Leave the pictures out and restate each entry below word for word.

[[ Extracted information open ]]

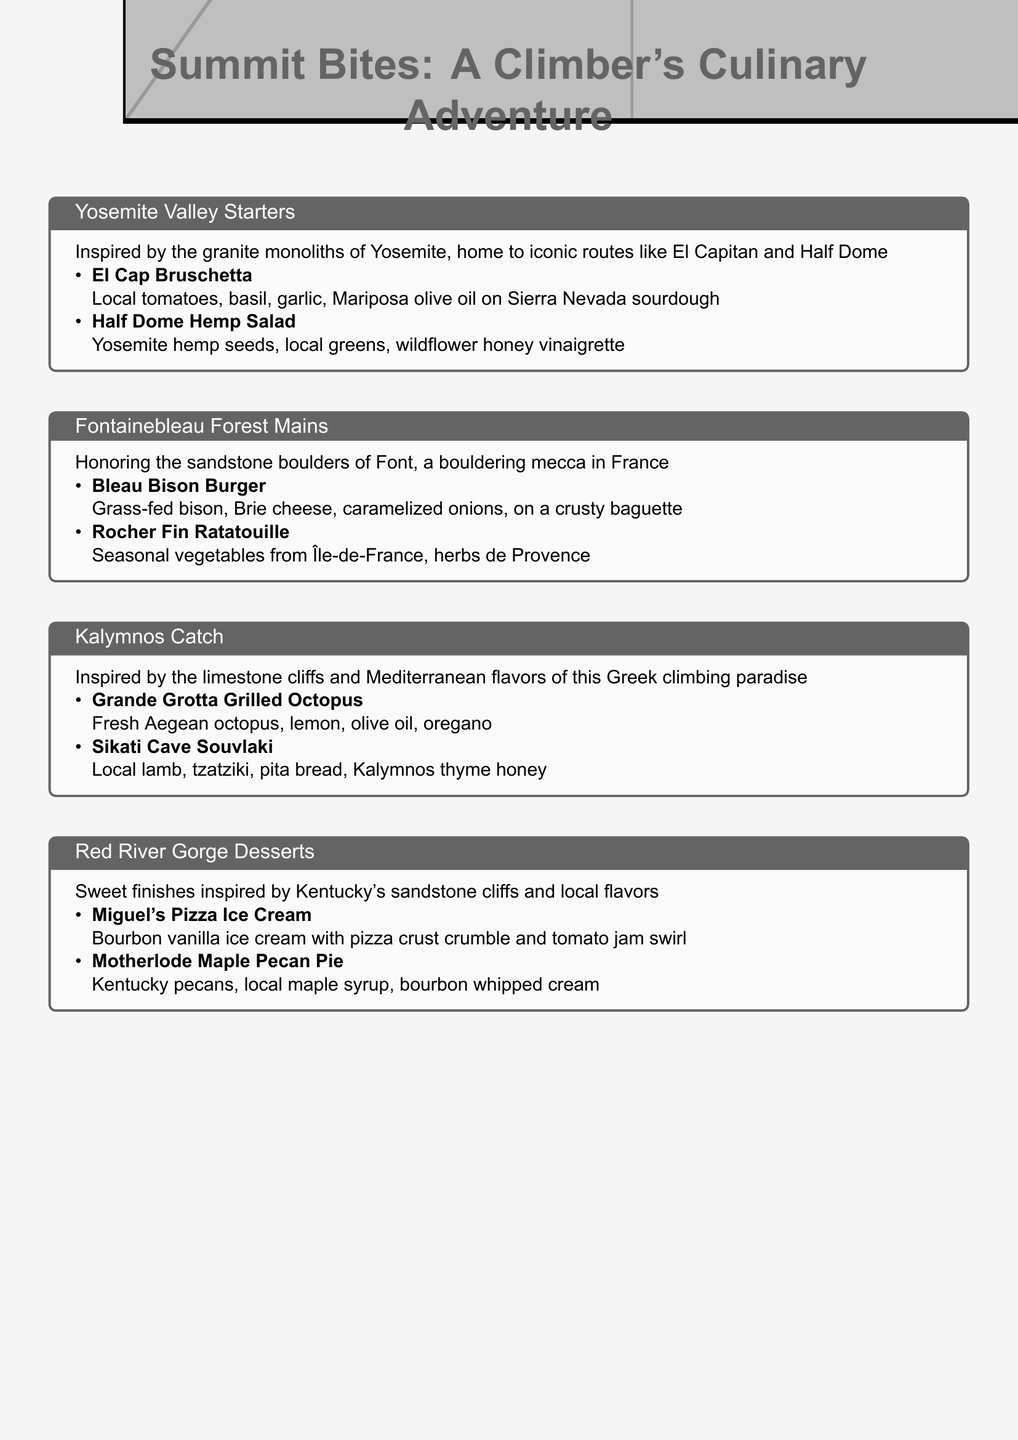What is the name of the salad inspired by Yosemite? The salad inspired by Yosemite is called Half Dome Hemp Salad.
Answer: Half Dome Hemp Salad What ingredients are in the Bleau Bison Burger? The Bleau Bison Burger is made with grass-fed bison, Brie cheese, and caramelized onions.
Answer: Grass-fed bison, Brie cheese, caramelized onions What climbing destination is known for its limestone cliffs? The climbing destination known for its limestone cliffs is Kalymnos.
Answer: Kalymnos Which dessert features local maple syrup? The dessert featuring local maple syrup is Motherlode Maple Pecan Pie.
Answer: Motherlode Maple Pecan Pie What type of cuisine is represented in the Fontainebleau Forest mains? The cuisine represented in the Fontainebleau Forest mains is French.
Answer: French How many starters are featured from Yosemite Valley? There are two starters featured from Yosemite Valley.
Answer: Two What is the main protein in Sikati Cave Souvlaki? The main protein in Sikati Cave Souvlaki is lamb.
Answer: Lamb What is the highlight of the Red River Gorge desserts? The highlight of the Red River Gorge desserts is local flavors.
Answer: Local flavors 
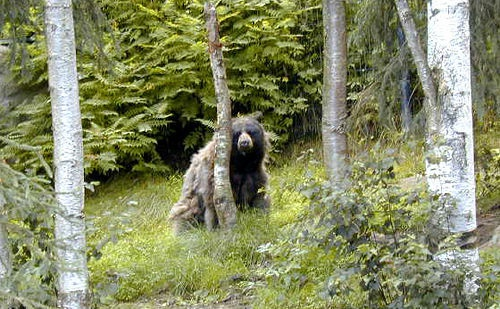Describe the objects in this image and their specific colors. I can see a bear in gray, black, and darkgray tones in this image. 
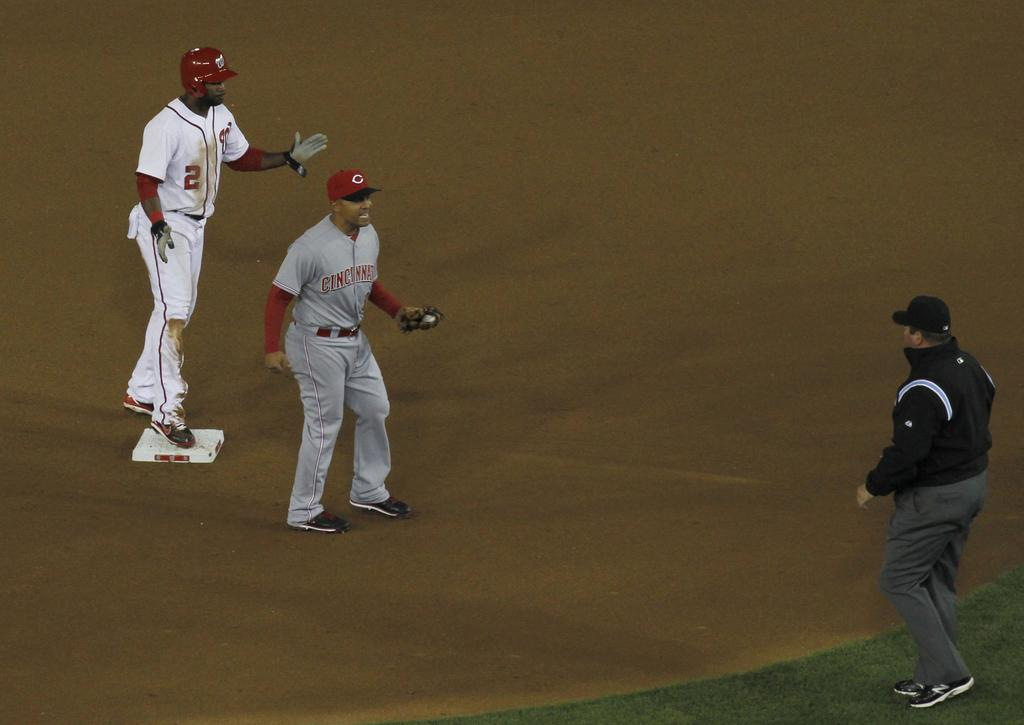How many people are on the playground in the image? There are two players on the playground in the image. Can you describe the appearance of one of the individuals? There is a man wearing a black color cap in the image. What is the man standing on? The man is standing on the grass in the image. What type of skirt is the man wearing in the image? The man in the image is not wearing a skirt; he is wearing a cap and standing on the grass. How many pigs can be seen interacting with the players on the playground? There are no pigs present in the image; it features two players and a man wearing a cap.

[[ Extracted information closed ]]

• Response area:
What is the name of the salad inspired by Yosemite? The salad inspired by Yosemite is called Half Dome Hemp Salad.
Answer: Half Dome Hemp Salad What ingredients are in the Bleau Bison Burger? The Bleau Bison Burger is made with grass-fed bison, Brie cheese, and caramelized onions.
Answer: Grass-fed bison, Brie cheese, caramelized onions What climbing destination is known for its limestone cliffs? The climbing destination known for its limestone cliffs is Kalymnos.
Answer: Kalymnos Which dessert features local maple syrup? The dessert featuring local maple syrup is Motherlode Maple Pecan Pie.
Answer: Motherlode Maple Pecan Pie What type of cuisine is represented in the Fontainebleau Forest mains? The cuisine represented in the Fontainebleau Forest mains is French.
Answer: French How many starters are featured from Yosemite Valley? There are two starters featured from Yosemite Valley.
Answer: Two What is the main protein in Sikati Cave Souvlaki? The main protein in Sikati Cave Souvlaki is lamb.
Answer: Lamb What is the highlight of the Red River Gorge desserts? The highlight of the Red River Gorge desserts is local flavors.
Answer: Local flavors 
Describe the objects in this image and their specific colors. I can see a bear in gray, black, and darkgray tones in this image. 
How many people are on the playground in the image? There are two players on the playground in the image. Can you describe the appearance of one of the individuals? There is a man wearing a black color cap in the image. What is the man standing on? The man is standing on the grass in the image. What type of skirt is the man wearing in the image? The man in the image is not wearing a skirt; he is wearing a cap and standing on the grass. How many pigs can be seen interacting with the players on the playground? There are no pigs present in the image; it features two players and a man wearing a cap.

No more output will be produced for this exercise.